■ Problem description
Pick each line that has "Page" out of the records.

■ Material provided
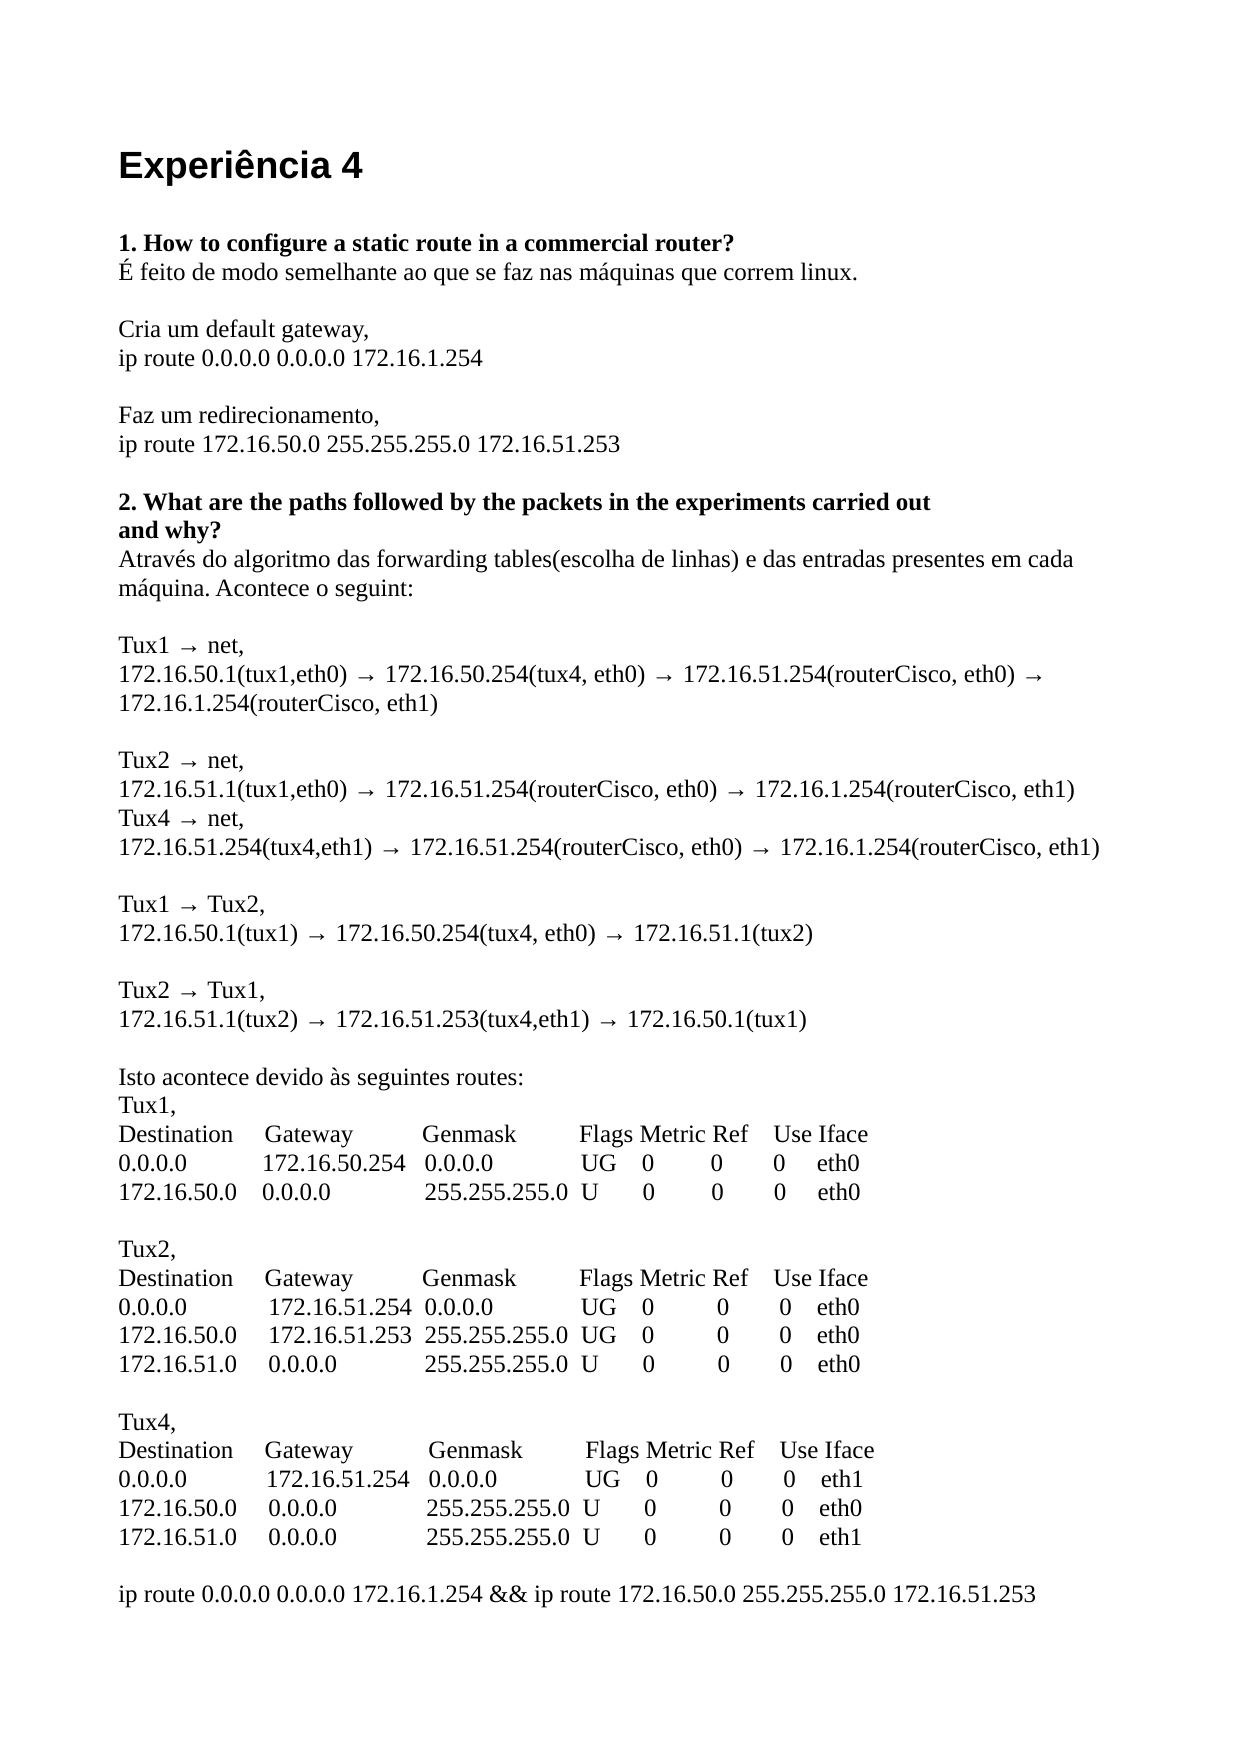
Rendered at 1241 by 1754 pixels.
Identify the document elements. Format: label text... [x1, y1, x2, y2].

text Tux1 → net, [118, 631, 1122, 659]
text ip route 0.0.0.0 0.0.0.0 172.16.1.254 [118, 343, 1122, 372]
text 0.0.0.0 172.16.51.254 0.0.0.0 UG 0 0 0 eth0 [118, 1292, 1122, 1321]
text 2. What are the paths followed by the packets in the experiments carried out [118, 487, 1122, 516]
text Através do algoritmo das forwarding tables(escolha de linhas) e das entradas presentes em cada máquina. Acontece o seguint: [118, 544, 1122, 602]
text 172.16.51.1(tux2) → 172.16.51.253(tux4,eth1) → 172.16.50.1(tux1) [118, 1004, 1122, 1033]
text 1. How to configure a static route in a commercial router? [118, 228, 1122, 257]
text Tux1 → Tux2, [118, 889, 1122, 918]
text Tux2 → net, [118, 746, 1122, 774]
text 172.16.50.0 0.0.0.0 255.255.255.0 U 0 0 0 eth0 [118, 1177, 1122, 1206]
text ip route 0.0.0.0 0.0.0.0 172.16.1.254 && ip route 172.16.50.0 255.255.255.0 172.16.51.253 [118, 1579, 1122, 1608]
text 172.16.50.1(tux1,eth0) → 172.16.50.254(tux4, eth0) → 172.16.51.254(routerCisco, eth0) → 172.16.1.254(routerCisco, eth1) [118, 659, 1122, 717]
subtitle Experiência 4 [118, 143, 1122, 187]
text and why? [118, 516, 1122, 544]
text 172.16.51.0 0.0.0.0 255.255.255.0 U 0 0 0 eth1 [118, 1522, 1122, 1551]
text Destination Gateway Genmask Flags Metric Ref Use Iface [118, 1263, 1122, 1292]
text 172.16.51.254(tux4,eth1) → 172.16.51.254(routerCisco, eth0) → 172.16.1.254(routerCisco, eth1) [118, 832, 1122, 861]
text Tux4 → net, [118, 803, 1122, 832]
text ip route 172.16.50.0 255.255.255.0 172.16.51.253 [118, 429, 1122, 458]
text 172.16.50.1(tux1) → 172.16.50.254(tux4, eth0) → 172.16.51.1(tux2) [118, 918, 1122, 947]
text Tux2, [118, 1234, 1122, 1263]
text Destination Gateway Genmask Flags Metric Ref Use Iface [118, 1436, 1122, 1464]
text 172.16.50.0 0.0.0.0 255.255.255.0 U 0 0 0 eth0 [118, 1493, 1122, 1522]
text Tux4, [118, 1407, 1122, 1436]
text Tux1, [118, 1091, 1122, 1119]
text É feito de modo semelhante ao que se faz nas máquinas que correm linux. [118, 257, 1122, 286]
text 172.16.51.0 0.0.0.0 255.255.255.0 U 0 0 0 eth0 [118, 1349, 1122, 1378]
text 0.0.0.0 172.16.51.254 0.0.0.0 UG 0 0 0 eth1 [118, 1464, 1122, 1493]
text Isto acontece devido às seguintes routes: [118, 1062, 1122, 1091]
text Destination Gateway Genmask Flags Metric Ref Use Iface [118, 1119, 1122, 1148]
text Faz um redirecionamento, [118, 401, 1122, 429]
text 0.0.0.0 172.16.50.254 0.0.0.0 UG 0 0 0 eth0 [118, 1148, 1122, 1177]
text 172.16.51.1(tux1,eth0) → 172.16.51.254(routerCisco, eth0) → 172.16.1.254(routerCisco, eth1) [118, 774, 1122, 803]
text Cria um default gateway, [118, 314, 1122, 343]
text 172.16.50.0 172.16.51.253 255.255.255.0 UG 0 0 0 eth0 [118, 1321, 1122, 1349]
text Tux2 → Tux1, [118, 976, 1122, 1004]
---
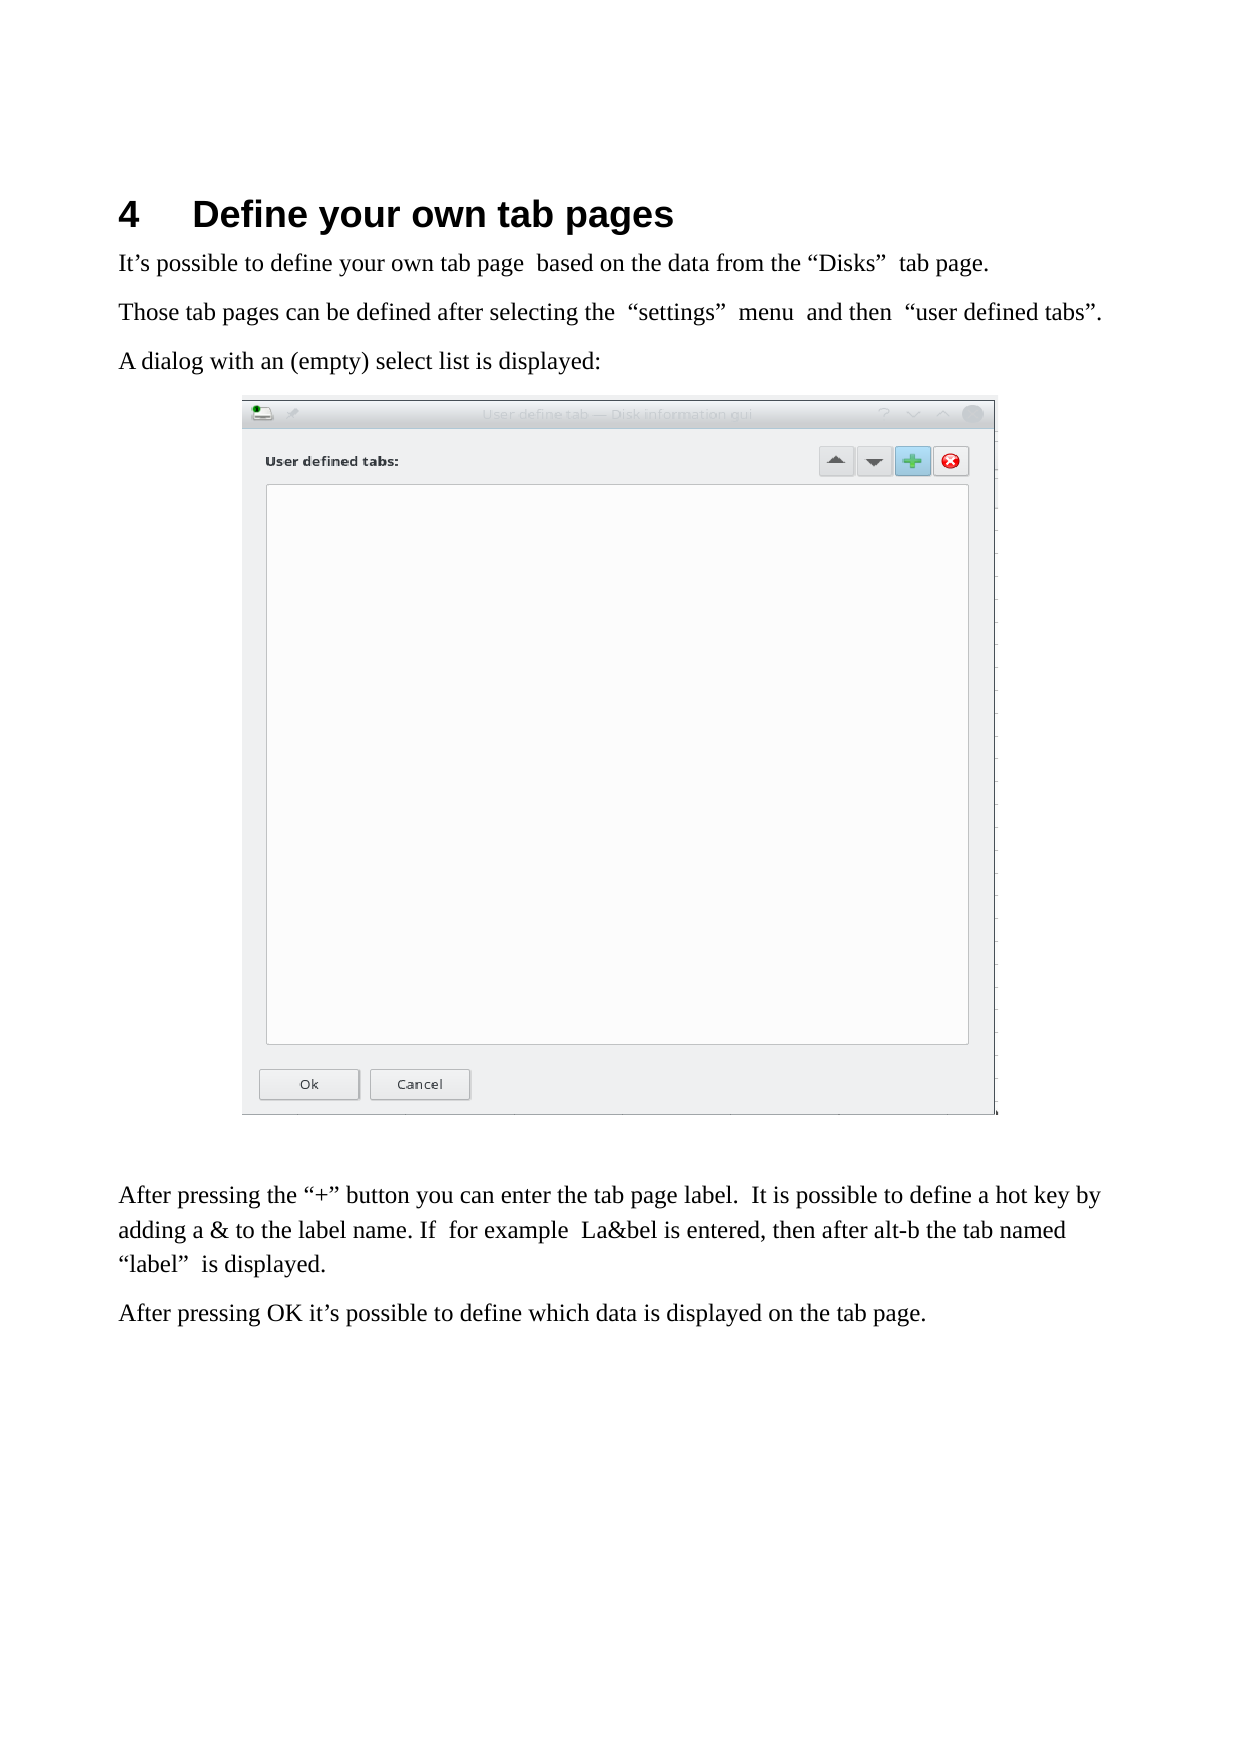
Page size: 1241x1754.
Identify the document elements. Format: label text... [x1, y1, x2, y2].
...
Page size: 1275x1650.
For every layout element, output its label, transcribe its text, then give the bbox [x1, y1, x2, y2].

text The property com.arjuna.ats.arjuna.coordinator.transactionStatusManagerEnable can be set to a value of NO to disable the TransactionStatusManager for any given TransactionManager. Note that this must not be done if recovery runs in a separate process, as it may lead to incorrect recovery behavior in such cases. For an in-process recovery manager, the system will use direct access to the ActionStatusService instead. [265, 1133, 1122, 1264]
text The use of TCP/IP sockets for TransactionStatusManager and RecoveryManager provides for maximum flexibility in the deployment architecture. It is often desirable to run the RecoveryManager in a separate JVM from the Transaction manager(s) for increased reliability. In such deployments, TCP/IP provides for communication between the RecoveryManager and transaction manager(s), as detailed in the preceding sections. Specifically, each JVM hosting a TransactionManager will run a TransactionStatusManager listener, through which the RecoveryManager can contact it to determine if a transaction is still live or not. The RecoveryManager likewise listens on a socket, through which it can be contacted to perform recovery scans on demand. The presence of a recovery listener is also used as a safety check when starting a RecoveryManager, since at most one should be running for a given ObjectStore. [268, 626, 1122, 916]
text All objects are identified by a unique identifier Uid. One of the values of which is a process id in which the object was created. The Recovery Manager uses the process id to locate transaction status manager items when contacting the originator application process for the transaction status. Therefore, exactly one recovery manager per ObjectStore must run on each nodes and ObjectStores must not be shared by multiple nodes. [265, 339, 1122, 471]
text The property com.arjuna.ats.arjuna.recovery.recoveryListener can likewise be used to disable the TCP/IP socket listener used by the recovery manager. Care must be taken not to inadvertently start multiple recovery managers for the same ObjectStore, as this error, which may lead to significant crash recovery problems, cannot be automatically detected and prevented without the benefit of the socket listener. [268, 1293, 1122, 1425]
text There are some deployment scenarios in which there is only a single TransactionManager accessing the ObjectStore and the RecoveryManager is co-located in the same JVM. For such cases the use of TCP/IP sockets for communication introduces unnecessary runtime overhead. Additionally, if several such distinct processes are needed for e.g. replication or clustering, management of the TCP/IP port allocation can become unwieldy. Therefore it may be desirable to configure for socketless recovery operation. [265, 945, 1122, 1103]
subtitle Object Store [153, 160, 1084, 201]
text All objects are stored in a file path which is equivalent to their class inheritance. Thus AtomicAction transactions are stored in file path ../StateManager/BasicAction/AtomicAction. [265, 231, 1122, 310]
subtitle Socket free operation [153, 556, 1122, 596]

■ Response to the exercise
Page size: 1241x1754.
Page size: 1275x1650.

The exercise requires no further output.